HTML All the Things

I’m thinking about converting all of the fields on my website to store as HTML, and then convert to alternative formats as needed for the destination. But I still have some unanswered questions.

When I first set up this site, I had some fields that took HTML and some fields that took plain text. For example, for articles (like this one), the Title and Summary fields were plain text and the Content field was HTML.

The idea was that Title and Summary would be used for syndication to Twitter and Mastodon, so plain text was a better fit. But for use on my site, I was missing the ability to usefully markup this content. So I converted several fields to accept Markdown, thinking that Markdown makes an ok plain text output and can be converted to HTML for uses where that’s available.

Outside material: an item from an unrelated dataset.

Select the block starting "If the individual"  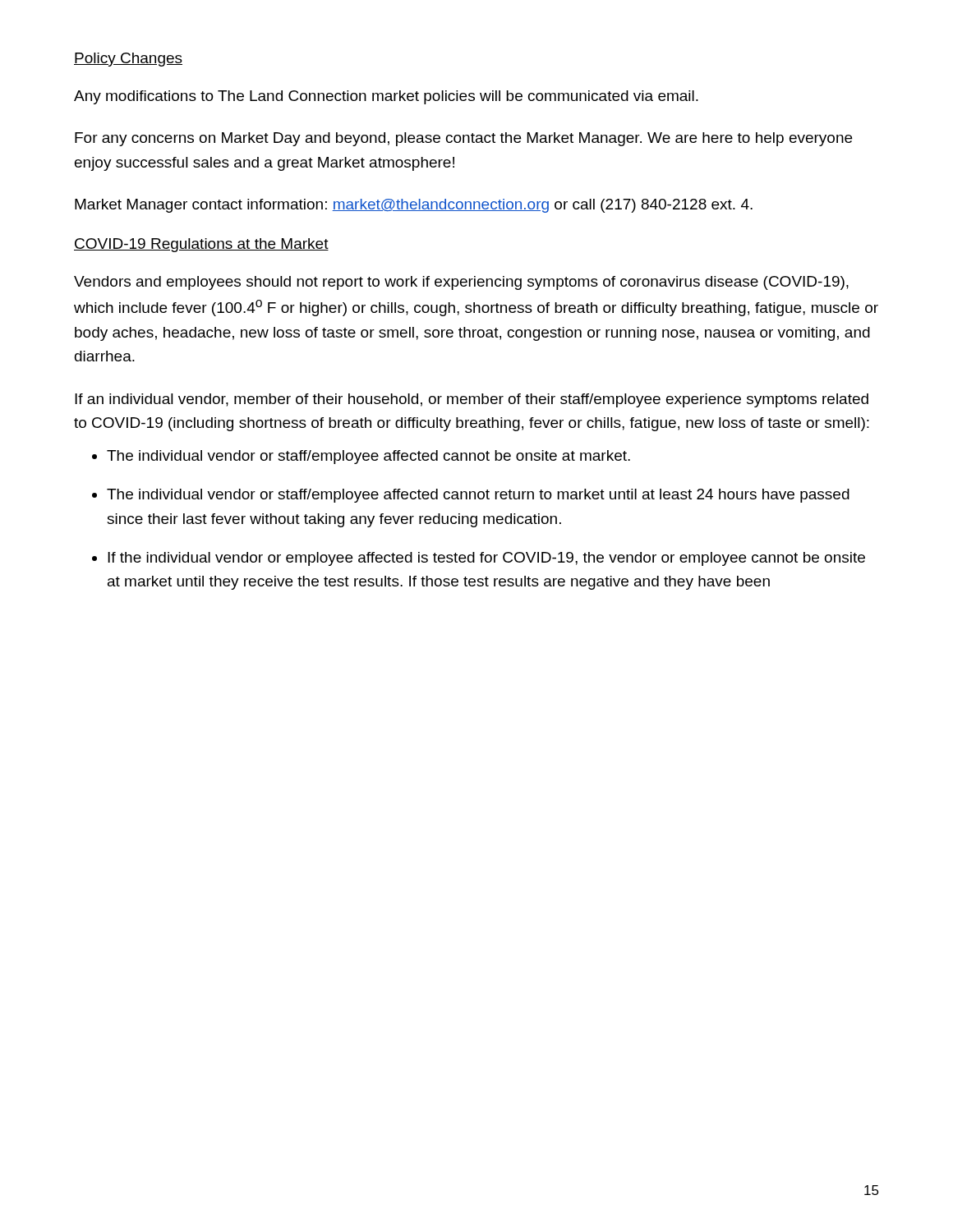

Now I’m feeling the limitation of pure Markdown fields, and I’m thinking everything should be stored as HTML and converted to plain text as needed for the destination. In theory, HTML is valid in Markdown, so I could allow all fields accept Markdown and convert to HTML on save. Then I could still author with the simpler Markdown syntax, use HTML as needed, and saving would convert it all to HTML.

For any markup that is not covered by Markdown’s syntax, you simply use HTML itself. There’s no need to preface it or delimit it to indicate that you’re switching from Markdown to HTML; you just use the tags.

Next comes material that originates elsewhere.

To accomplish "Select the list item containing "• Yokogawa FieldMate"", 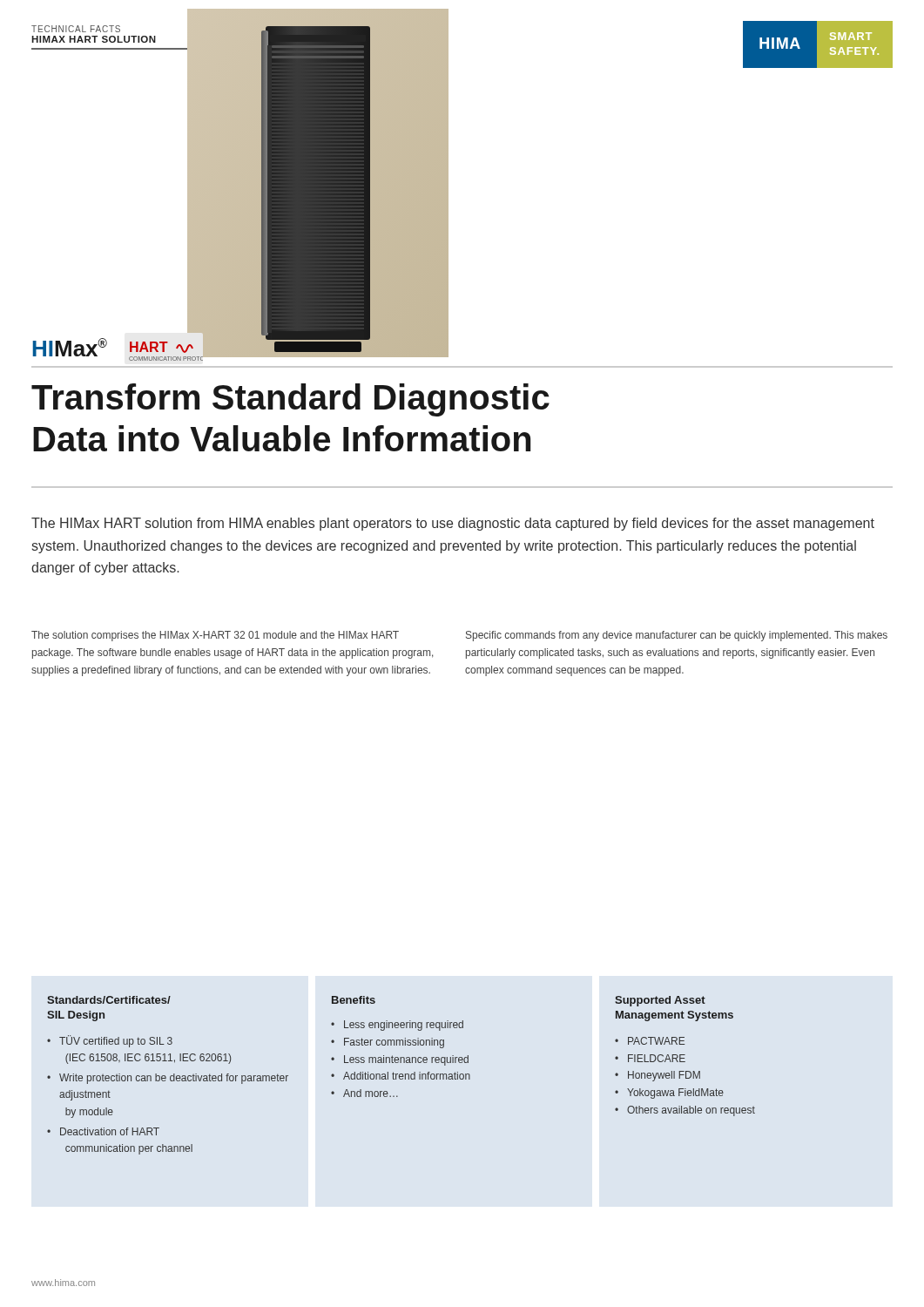I will [x=669, y=1094].

A couple of unresolved questions still stand: what’s a good python library for converting HTML to plain text, and how do I handle character limits for specific fields?

For converting to plain text, it’s not just a matter of stripping tags. I’d like Markdown-ish syntax for things like strong and em tags. But also special formatting for cite tags. And I’d like paragraphs to be separated by double spaces. I’m hopeful that a package exists that handles the conversion and some customizations, but I haven’t found it yet.

For handling character limits, I don’t know. I couldn’t rely on database configuration for this because the field needs to handle the larger HTML format. I’d want to enforce character limits on the plain text version.

I’m still thinking this one through, but I think making this conversion would enable more powerful flexibility on the authoring, presenting, and syndication sides of things.